Equally splendid was the record of many orders of monks, and in particular the St Vincent [de Paul] Congregation of Missionary Fathers, the Congregation of the Most Holy Redeemer, the Salesian Society, the Catholic Apostleship Association, the Congregation of Marist Fathers, the Franciscans, the Capuchins and the Dominicans.

Well known is the protective role played towards the Jews by Archbishop Romuald Jałbrzykowski, at the time metropolitan bishop in Vilna [Wilno], and by Dr Ignacy Świrski, professor of moral theology at Stefan Batory University in Vilna, after the war Ordinary of Siedlce Diocese (died in 1968); it was of their will and with their knowledge that a great many refugees from the ghettos were hiding in ecclesiastical institutions and convents.

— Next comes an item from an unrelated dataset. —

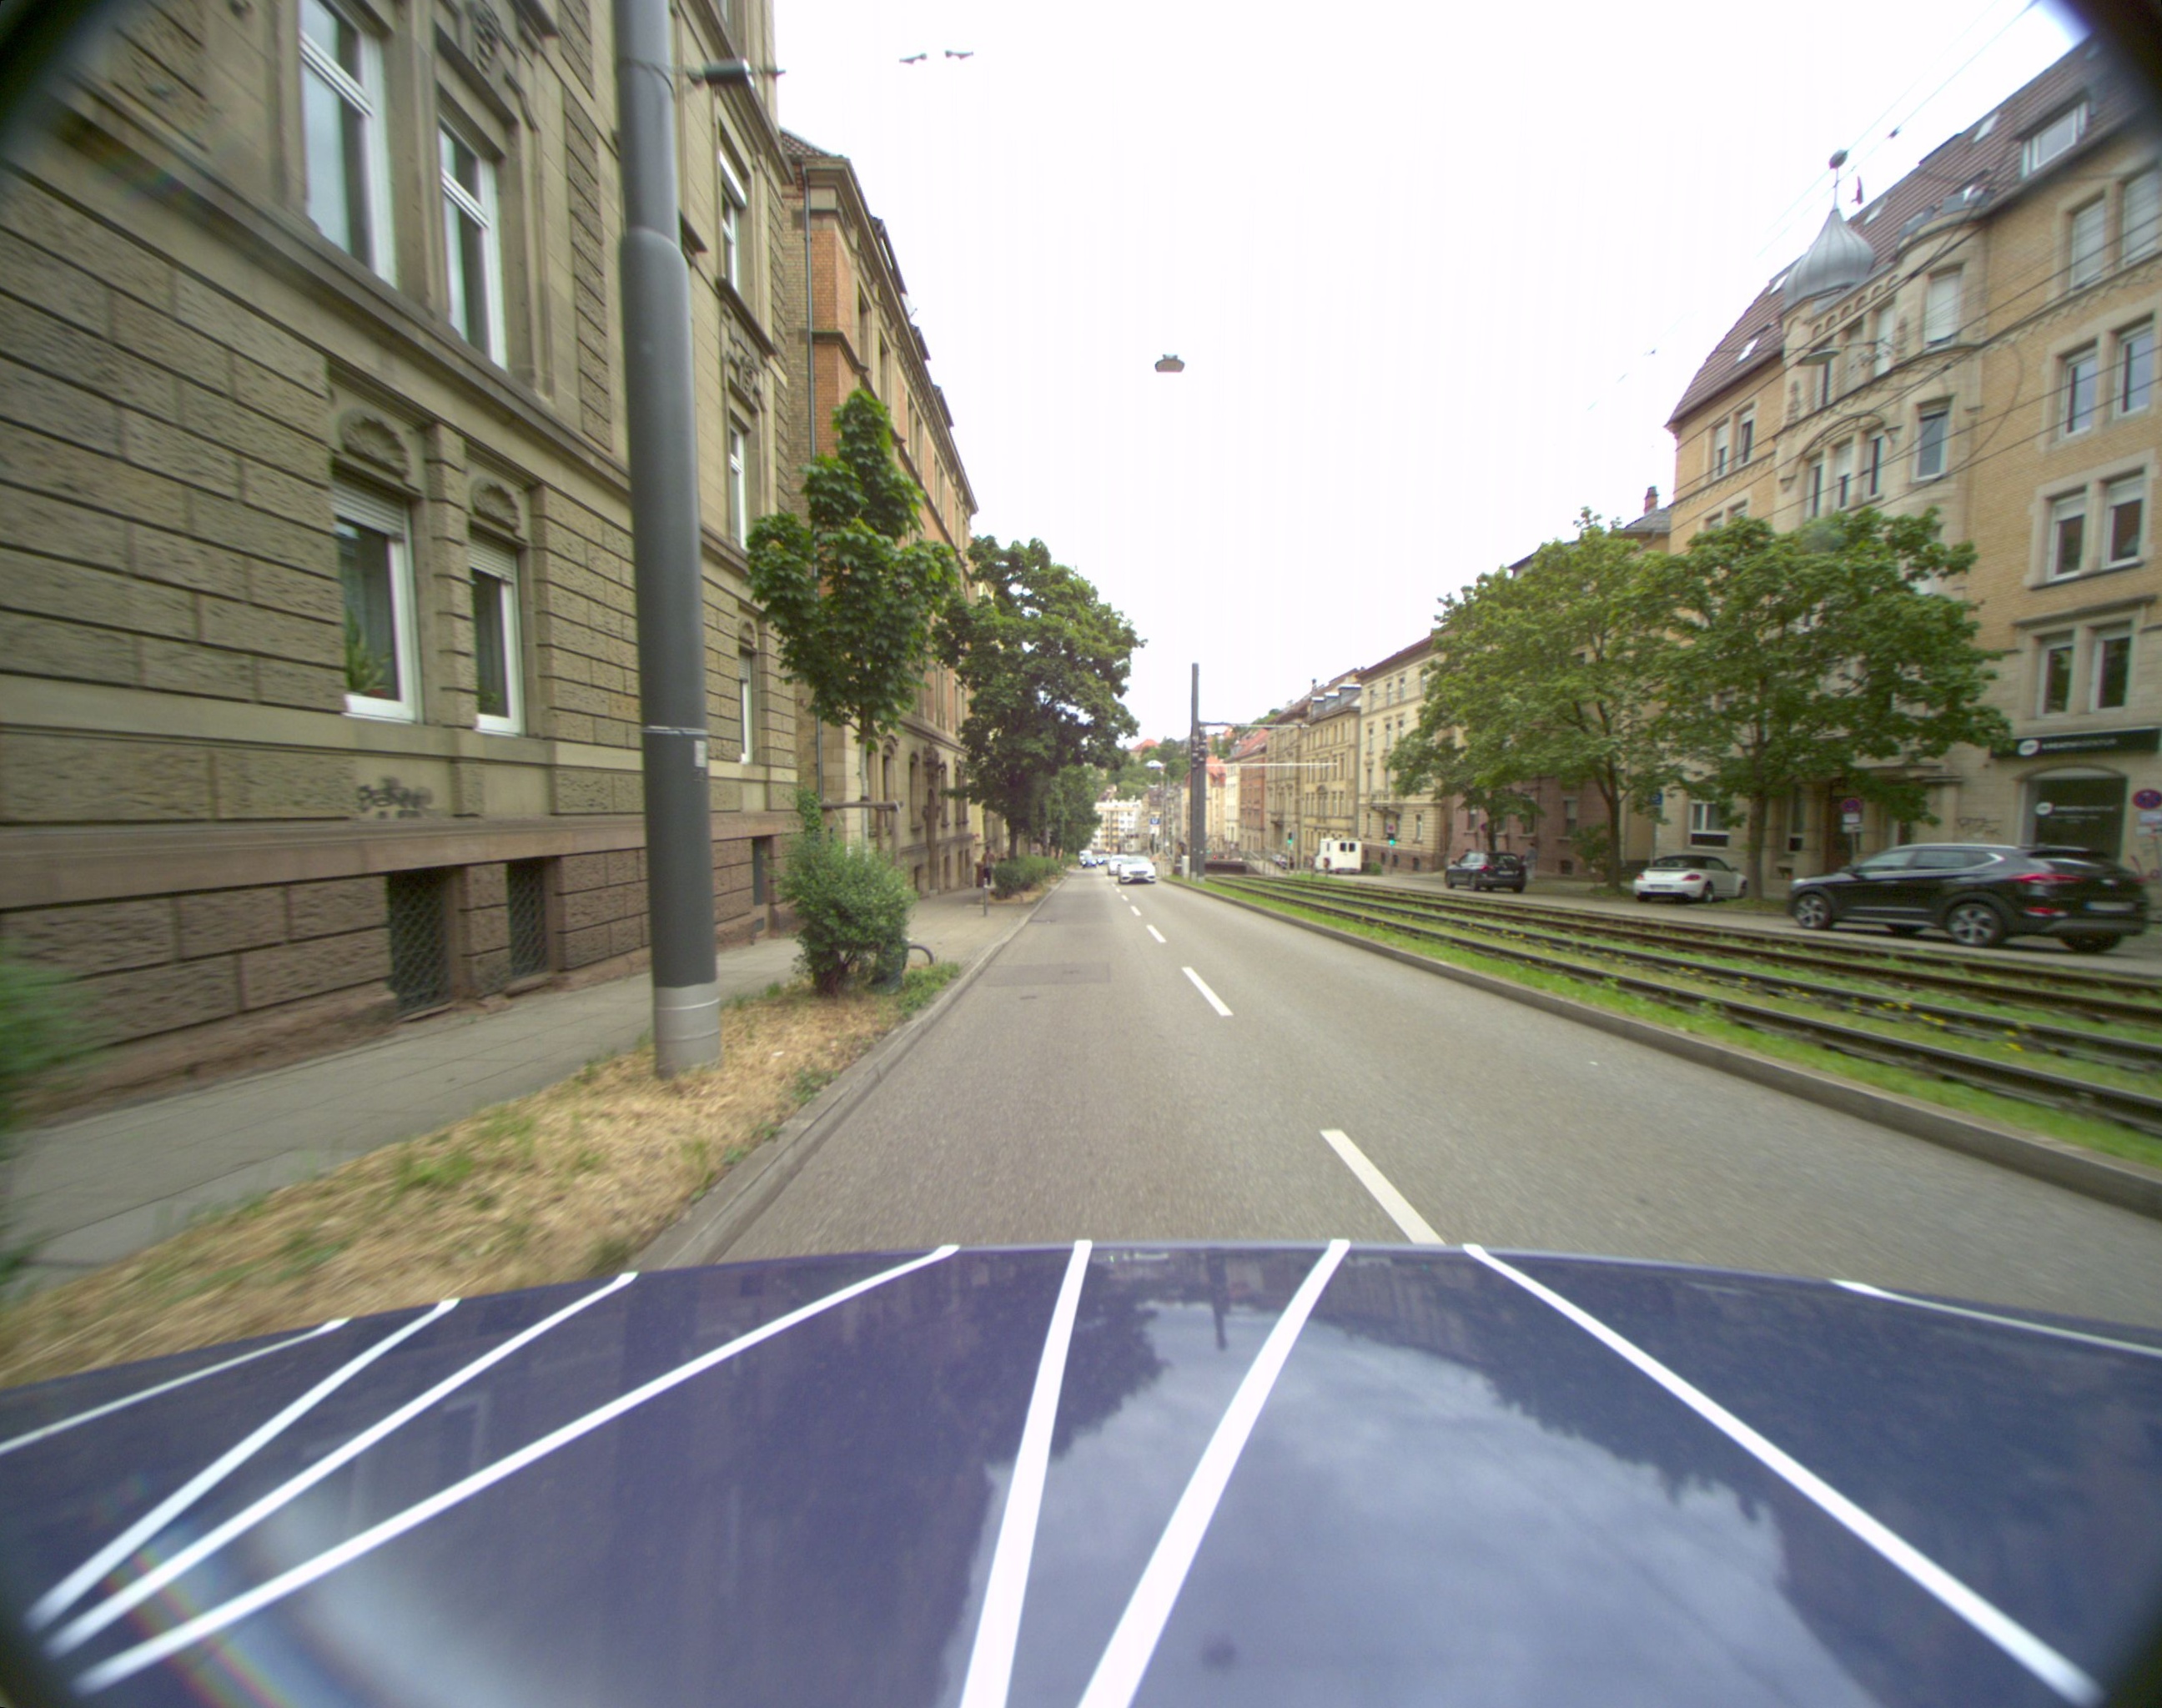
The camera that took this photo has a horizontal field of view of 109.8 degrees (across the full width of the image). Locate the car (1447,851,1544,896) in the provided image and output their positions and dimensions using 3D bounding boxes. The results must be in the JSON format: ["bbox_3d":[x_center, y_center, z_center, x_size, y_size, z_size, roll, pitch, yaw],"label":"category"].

Also well known are the activities of the distinguished writer and preacher, the late Father Jacek Woroniecki of the Dominican Order. In Warsaw, an especially beneficent role was played among others by Father Władysław Korniłowicz,3 Father Jan Zieja,4 Father Zygmunt Trószyński, and in the ghetto itself, up to 1942, by Father Marceli Godlewski, rector of the Roman Catholic parish of All Saints, by Father Antoni Czarnecki and Father Tadeusz Nowotko. In Cracow [Kraków], broad social work was displayed—with the knowledge and of the will of the Archbishop-Metropolitan Adam Sapieha, by Father Ferdynand Machay, well-known civic leader, writer and preacher. It was also to the priests throughout the country that the dangerous task fell ex officio to issue to people in hiding birth and baptism certificates necessary for the obtaining of “Aryan” documents.5 A number of priests, like Father Julian Chróścicki [Chruścicki] from Warsaw, paid for it with deportation to a concentration camp. …

In all their efforts aimed at helping Jews, the clergy and the convents collaborated as a rule with Catholic laymen in their region. Thus, for example, rectors would place some of those hiding in the homes of their parishioners, and convents often kept in contact with lay institutions of Polish social welfare; the personnel of the latter included a great many persons dedicated to the idea of bringing help.